Please set down, with no changes, every line of the material below from the one containing "Where should I" through the end. Skip the pictures.

------------

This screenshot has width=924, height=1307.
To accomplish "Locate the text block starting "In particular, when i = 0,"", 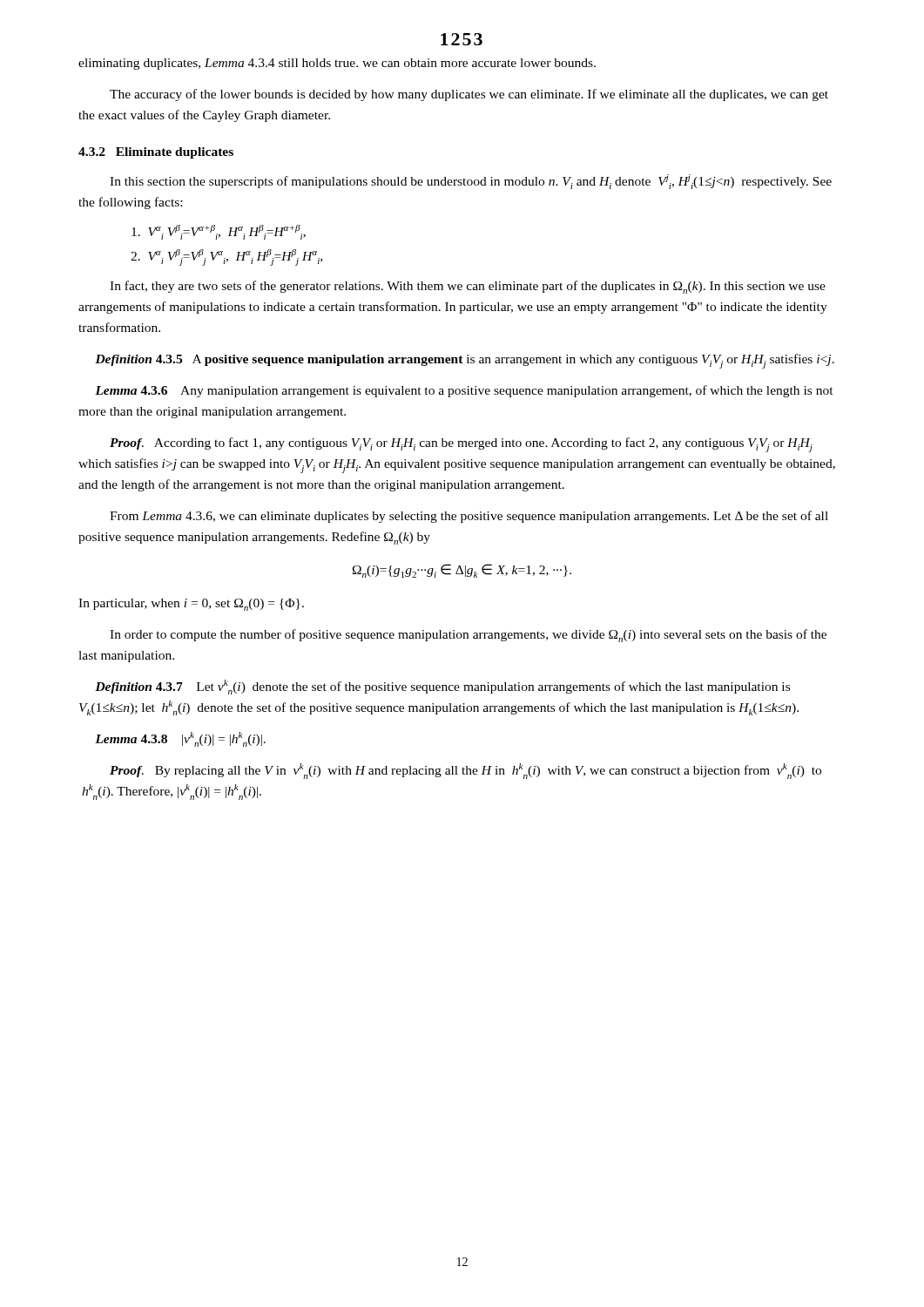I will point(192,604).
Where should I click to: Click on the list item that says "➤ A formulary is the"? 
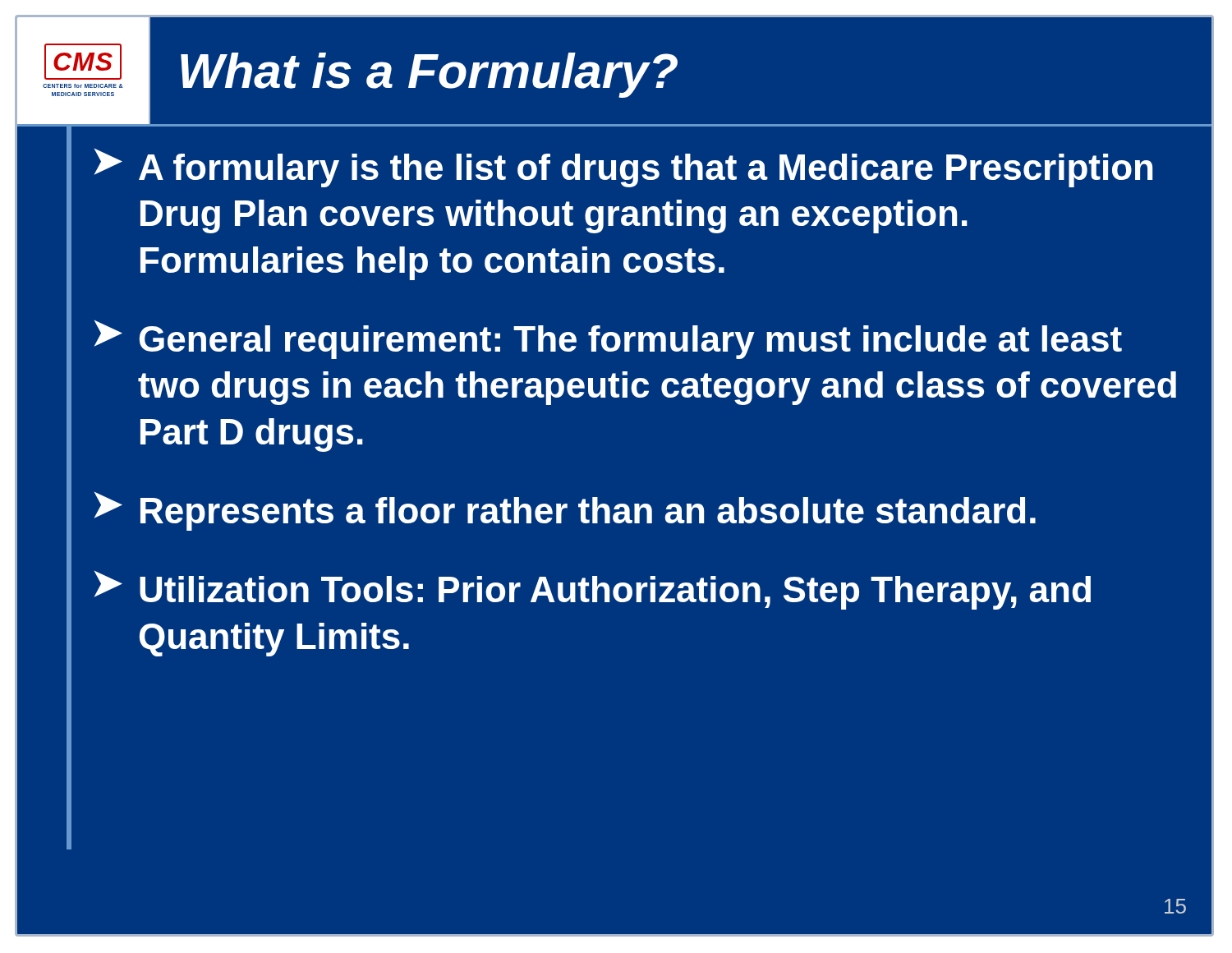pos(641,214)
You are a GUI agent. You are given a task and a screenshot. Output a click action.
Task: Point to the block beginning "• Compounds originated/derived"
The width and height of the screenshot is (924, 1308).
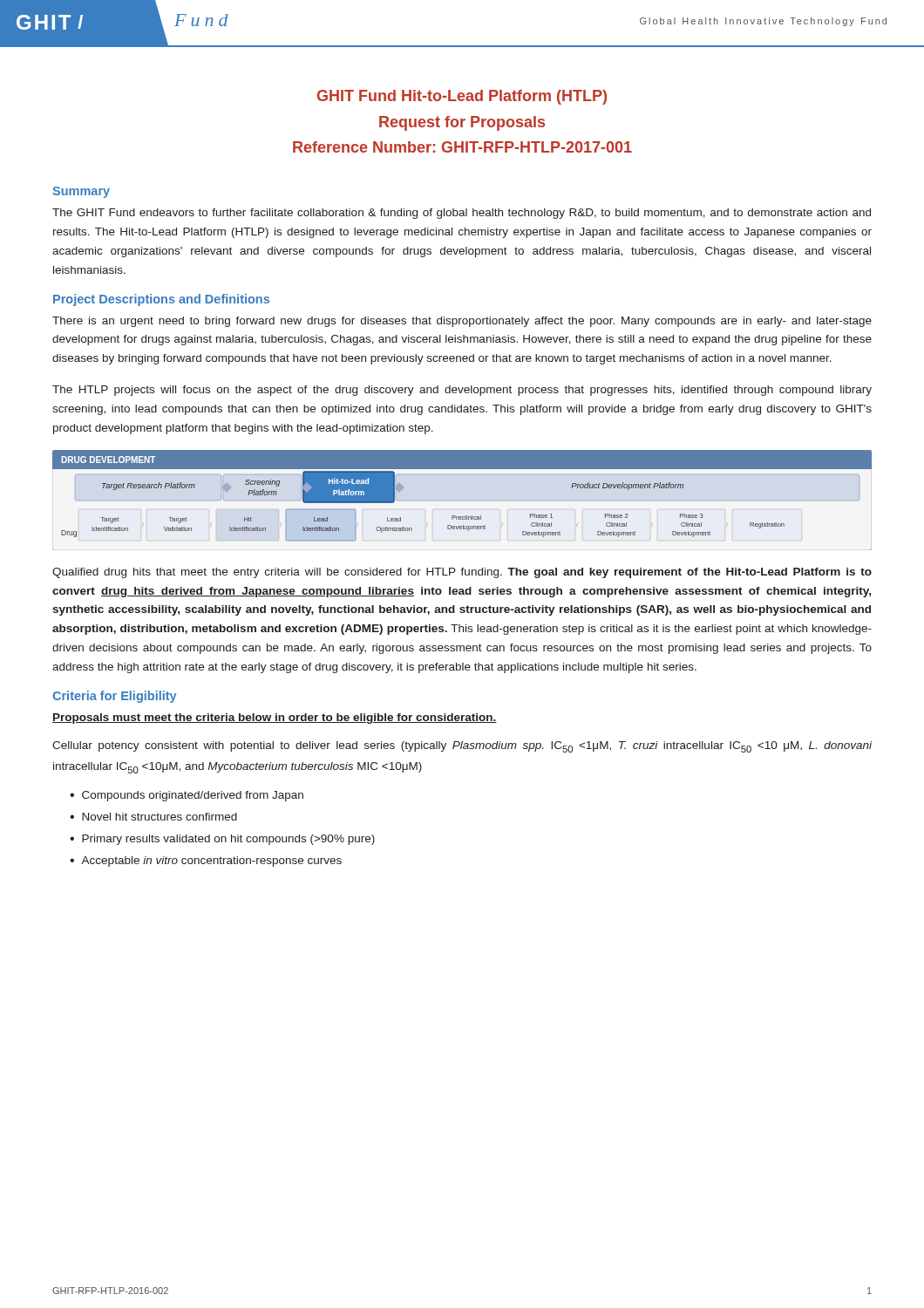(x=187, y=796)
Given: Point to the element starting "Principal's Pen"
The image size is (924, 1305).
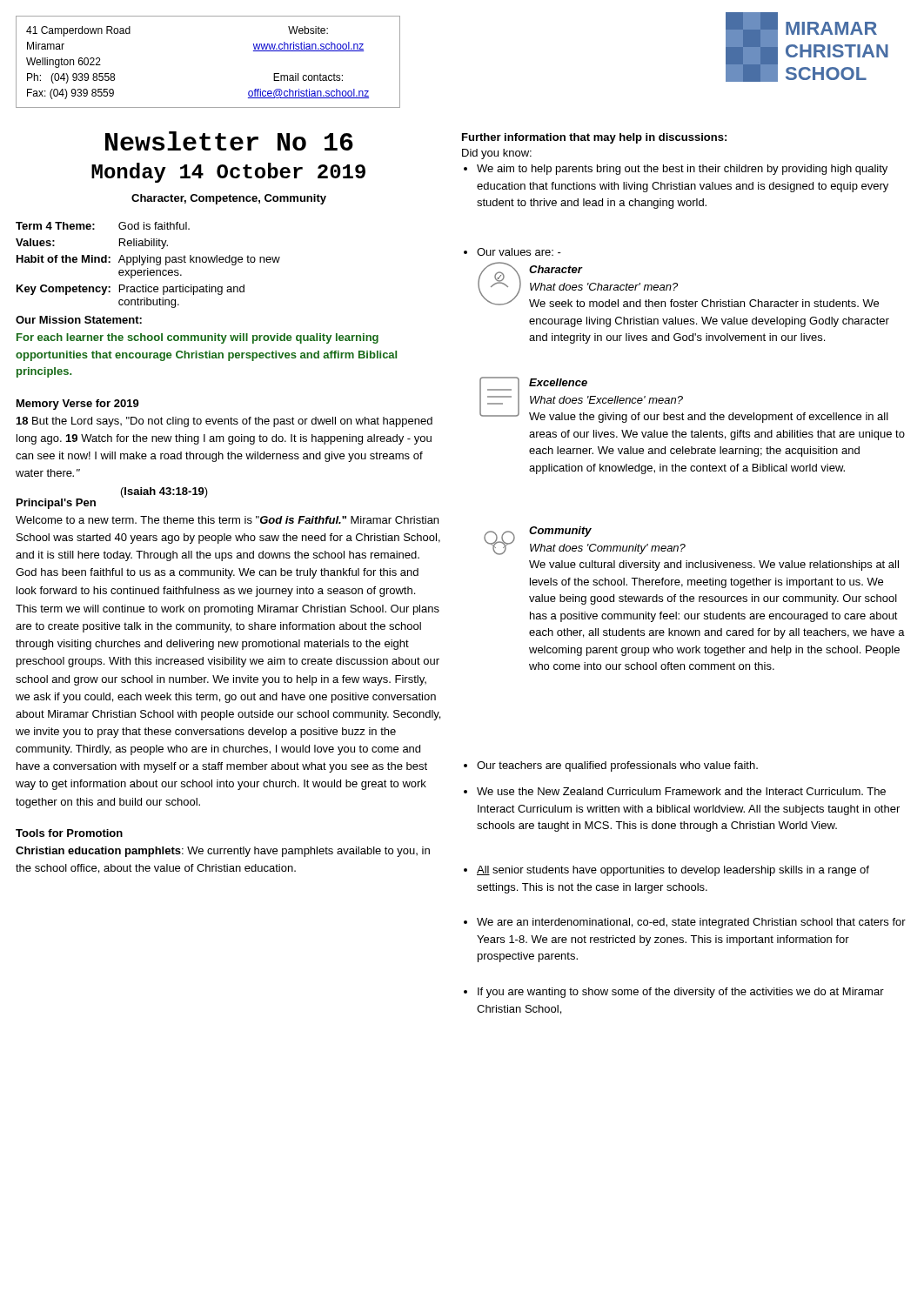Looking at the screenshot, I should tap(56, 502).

------------

ANSWER
Where should I click to: Click on the list item that says "➤ A formulary is the"? 
pos(641,214)
You are a GUI agent. You are given a task and a screenshot. Output a click action.
Task: Point to the block beginning "• Compounds originated/derived"
The width and height of the screenshot is (924, 1308).
(x=187, y=796)
Given: Point to the element starting "Principal's Pen"
The image size is (924, 1305).
Looking at the screenshot, I should tap(56, 502).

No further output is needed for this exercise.